Interest rates are expected to remain on hold today as policymakers weigh up the mounting arguments for a first change in more than five years.
This week’s meeting of the Bank of England’s monetary policy committee (MPC) is the first since governor Mark Carney’s warning in his annual Mansion House speech that rates could rise sooner than markets were expecting.
Minutes from the last two meetings have shown that some members believe the arguments for raising rates have become more balanced as the UK economy recovers and the unemployment situation improves.
Many economists predict the first rate hike will happen in November before gradual rises leave the rate in the region of 2.25% by the end of 2016.
Rates have been at 0.5% since March 2009 and have not risen since 2007. This month’s decision of the MPC will be announced at noon.
The pound is at a near-six year high against the US dollar on forecasts of a rate rise later this year, although this momentum was jolted on Tuesday by unexpectedly weak output figures from the manufacturing sector.
The Bank has also been given leeway by sig ns of more slack in the labour market than previously thought, following a fall in growth in average pay from 1.9% to 0.7%. Inflation has also been weaker than expected, at 1.5% in May.

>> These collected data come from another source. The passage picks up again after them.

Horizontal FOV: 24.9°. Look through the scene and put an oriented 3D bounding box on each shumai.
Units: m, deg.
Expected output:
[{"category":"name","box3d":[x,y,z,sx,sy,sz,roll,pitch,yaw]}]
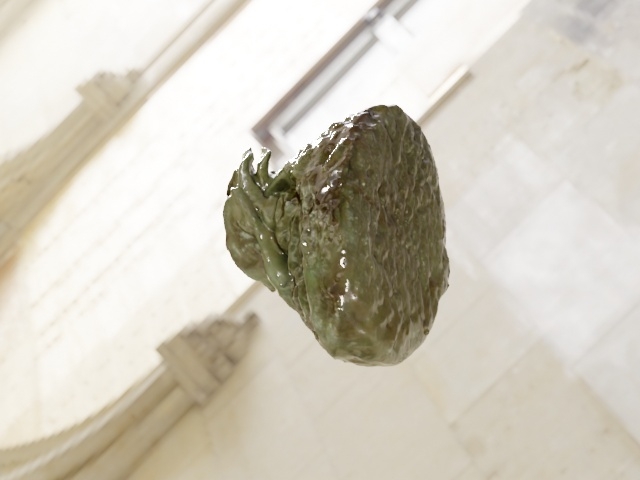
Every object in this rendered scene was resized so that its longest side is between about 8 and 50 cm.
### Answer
[{"category":"shumai","box3d":[0.000,-0.001,0.635,0.099,0.087,0.124,66,-150,-29]}]
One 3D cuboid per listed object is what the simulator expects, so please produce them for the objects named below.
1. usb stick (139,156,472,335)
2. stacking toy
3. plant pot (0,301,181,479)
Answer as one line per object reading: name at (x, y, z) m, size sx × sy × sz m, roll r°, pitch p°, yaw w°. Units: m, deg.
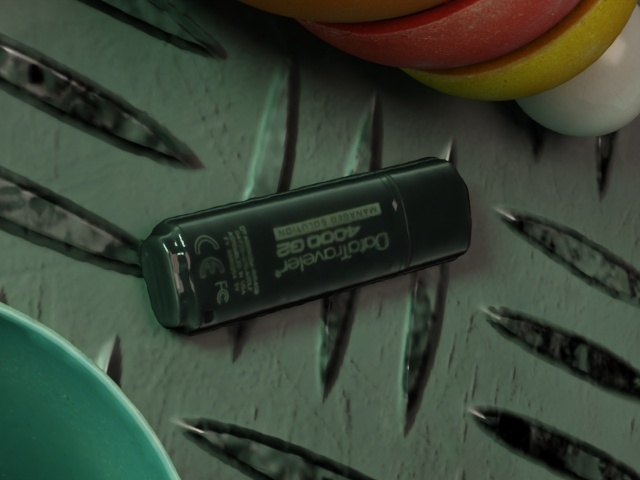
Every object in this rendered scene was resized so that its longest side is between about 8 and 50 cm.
usb stick at (0.000, 0.000, 1.086) m, size 0.278 × 0.045 × 0.077 m, roll -15°, pitch 96°, yaw -43°
stacking toy at (0.107, -0.204, 1.113) m, size 0.480 × 0.350 × 0.351 m, roll 43°, pitch 53°, yaw -47°
plant pot at (-0.215, 0.178, 0.714) m, size 0.290 × 0.195 × 0.290 m, roll 8°, pitch 71°, yaw -23°
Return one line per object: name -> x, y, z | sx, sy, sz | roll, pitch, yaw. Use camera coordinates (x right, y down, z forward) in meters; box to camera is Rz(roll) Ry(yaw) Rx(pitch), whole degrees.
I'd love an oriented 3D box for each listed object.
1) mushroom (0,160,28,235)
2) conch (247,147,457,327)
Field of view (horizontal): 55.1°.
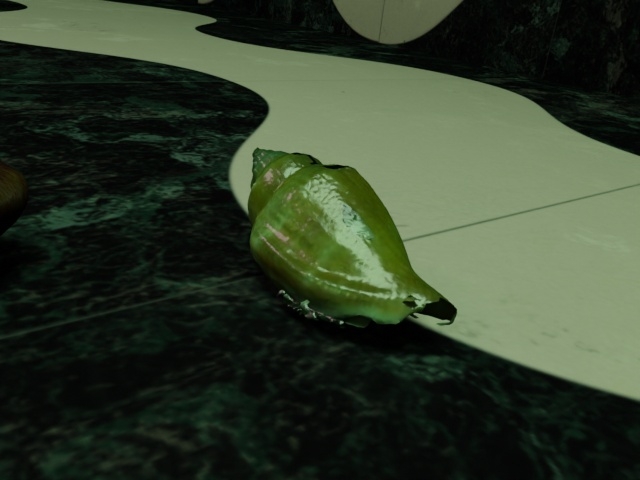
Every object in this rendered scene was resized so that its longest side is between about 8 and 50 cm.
mushroom -> -0.282, -0.086, 0.321 | 0.226, 0.218, 0.148 | -2, 24, -21
conch -> 0.000, -0.004, 0.408 | 0.094, 0.080, 0.201 | -18, 37, -10
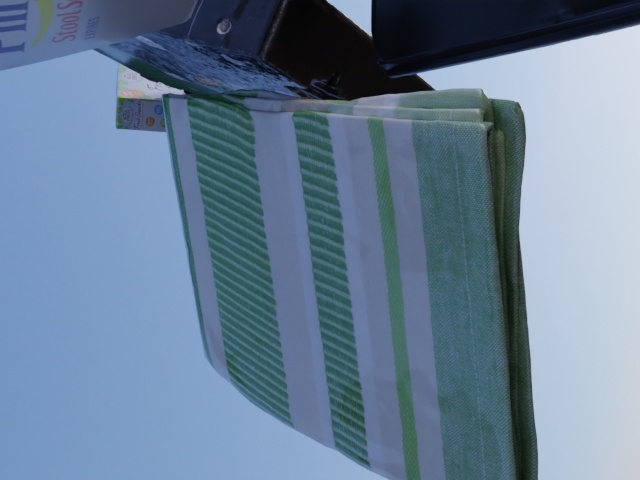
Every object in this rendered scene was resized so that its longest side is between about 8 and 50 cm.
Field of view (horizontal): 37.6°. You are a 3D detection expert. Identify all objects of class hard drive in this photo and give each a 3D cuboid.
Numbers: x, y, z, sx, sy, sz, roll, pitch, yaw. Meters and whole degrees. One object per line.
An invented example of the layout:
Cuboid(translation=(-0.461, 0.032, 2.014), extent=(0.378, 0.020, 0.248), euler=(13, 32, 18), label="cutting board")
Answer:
Cuboid(translation=(-0.088, -0.157, 0.743), extent=(0.237, 0.339, 0.064), euler=(23, -92, -53), label="hard drive")

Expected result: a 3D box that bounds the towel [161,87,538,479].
Cuboid(translation=(0.004, 0.023, 0.606), extent=(0.038, 0.325, 0.247), euler=(-17, -71, -35), label="towel")

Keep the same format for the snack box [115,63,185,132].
Cuboid(translation=(-0.163, -0.152, 0.984), extent=(0.141, 0.100, 0.037), euler=(-113, 28, -61), label="snack box")

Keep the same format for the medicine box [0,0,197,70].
Cuboid(translation=(-0.140, -0.248, 0.356), extent=(0.149, 0.263, 0.289), euler=(-21, -95, -22), label="medicine box")

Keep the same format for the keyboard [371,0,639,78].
Cuboid(translation=(0.129, -0.197, 0.460), extent=(0.033, 0.317, 0.201), euler=(1, -90, -35), label="keyboard")
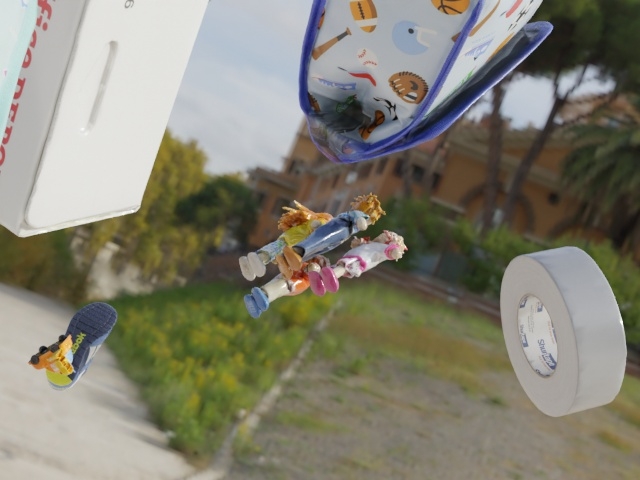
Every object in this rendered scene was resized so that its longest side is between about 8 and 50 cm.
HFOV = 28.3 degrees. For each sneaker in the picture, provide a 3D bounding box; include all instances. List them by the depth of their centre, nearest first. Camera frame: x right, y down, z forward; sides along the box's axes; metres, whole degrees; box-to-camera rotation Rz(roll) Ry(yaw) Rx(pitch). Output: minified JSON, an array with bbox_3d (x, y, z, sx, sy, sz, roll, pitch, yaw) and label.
[{"bbox_3d":[-0.329,0.145,1.727,0.053,0.144,0.059,30,-33,5],"label":"sneaker"}]

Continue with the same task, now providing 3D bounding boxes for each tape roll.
[{"bbox_3d":[0.319,0.120,1.688,0.072,0.219,0.219,-12,4,-16],"label":"tape roll"}]

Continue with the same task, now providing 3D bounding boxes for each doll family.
[{"bbox_3d":[0.000,0.000,1.648,0.263,0.163,0.118,-18,-80,54],"label":"doll family"}]

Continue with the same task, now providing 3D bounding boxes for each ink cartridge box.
[{"bbox_3d":[-0.312,-0.225,1.161,0.395,0.285,0.166,33,26,25],"label":"ink cartridge box"}]

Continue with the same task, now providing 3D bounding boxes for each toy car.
[{"bbox_3d":[-0.320,0.150,1.514,0.040,0.060,0.122,57,-1,-12],"label":"toy car"}]

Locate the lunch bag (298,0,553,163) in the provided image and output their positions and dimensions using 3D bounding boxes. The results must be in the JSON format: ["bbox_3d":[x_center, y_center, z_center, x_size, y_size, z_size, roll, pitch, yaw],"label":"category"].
[{"bbox_3d":[0.148,-0.293,1.562,0.239,0.328,0.385,39,-36,9],"label":"lunch bag"}]

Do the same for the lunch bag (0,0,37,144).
[{"bbox_3d":[-0.300,-0.129,0.763,0.160,0.262,0.223,-18,-40,41],"label":"lunch bag"}]
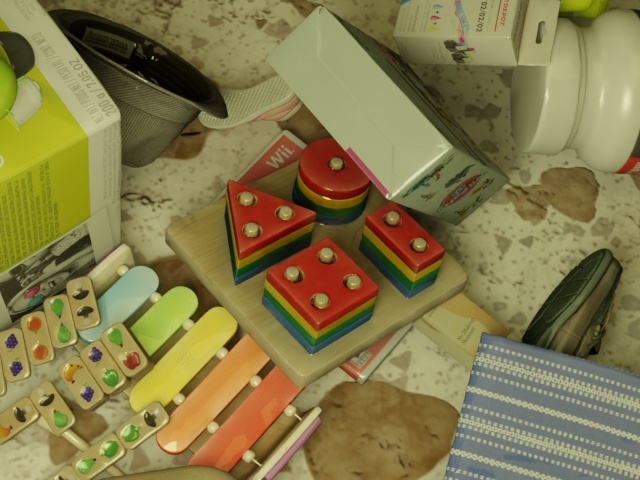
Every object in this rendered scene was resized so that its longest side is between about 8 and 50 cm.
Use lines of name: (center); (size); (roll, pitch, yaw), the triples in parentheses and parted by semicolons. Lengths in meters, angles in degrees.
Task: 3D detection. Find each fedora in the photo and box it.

The Bank expects growth of 0.9% in the second quarter, easing back to 0.7% in the third quarter following growth of 0.8% in the first three months of 2014.
Samuel Tombs, senior UK economist at Capital Economics, said: “We suspect that the vote to leave the Bank rate on hold will be unanimous once again.
“And while a rate hike before the end of the year cannot be ruled out if the recovery accelerates, the likely weakness of inflation means that there is a good chance the MPC sits on its hands until early 2015.”